Excerpted records section start
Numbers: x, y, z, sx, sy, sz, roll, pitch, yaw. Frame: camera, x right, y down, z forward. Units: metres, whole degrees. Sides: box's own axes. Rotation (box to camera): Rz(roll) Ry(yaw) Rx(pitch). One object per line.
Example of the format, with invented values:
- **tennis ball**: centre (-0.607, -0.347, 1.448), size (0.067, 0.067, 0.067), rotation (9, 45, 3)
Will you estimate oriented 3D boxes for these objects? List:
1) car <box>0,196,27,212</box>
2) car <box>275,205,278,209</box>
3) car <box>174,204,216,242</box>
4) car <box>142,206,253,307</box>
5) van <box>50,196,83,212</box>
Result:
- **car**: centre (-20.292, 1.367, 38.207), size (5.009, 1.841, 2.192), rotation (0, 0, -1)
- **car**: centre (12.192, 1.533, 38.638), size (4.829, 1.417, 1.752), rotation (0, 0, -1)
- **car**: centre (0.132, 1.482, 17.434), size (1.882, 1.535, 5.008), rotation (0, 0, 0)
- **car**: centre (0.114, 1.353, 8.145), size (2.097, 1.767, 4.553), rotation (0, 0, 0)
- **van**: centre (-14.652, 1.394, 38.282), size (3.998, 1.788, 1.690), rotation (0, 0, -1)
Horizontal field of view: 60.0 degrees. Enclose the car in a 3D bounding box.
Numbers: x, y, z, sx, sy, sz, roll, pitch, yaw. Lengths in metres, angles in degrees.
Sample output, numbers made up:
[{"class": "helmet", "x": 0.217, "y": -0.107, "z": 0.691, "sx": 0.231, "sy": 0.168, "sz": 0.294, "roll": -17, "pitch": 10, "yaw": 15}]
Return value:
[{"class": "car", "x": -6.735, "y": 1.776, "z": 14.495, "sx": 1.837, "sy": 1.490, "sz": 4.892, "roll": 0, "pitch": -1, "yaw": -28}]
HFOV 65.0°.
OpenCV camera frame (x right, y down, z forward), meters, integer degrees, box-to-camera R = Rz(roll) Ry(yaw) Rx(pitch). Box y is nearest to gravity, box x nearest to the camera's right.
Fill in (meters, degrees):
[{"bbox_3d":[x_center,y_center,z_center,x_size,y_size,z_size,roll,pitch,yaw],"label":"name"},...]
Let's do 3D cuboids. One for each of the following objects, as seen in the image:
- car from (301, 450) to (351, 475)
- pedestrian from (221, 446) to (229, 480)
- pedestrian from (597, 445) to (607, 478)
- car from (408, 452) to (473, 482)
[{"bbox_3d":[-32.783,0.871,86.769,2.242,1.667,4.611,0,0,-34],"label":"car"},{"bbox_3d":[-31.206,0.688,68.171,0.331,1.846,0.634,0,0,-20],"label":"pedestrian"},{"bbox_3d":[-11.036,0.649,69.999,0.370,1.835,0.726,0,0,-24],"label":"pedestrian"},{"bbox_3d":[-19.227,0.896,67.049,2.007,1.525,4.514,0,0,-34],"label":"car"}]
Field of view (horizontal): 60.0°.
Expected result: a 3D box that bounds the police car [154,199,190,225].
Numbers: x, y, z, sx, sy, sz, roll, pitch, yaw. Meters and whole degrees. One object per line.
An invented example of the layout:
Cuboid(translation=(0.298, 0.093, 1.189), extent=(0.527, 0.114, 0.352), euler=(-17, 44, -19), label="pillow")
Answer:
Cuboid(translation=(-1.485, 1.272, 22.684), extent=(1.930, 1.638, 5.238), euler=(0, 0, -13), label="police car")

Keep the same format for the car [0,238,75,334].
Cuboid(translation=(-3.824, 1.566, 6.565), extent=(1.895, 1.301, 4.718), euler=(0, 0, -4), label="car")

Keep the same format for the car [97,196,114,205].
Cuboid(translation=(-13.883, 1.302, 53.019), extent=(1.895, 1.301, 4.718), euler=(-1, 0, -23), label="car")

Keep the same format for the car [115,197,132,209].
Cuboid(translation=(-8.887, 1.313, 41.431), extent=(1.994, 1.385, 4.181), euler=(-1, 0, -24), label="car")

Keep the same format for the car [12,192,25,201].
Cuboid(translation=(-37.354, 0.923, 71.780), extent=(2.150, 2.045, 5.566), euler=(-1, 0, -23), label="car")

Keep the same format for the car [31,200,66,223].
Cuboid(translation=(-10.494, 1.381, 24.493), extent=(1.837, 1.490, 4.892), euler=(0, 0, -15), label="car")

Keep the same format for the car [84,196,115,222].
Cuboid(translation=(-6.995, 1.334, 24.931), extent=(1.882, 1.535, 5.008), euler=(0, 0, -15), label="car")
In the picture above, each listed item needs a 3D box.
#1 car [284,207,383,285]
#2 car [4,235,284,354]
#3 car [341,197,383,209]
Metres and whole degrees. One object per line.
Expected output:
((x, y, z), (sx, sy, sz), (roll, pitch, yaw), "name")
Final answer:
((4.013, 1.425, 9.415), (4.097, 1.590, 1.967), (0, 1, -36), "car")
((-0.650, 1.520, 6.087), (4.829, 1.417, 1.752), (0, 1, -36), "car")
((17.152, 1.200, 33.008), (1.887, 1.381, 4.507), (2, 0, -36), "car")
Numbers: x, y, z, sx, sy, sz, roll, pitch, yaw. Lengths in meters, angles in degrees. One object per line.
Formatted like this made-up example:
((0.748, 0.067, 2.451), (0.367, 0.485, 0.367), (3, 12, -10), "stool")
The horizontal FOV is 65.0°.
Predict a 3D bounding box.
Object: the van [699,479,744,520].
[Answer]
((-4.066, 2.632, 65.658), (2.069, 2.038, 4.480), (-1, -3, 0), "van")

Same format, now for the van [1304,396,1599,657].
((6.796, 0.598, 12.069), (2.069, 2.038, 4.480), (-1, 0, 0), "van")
Excerpted records section end
About this exercise: Scan the entries above for the word "bounding" and collect each line holding it.

Solution for this task:
Horizontal field of view: 60.0 degrees. Enclose the car in a 3D bounding box.
Predict a 3D bounding box.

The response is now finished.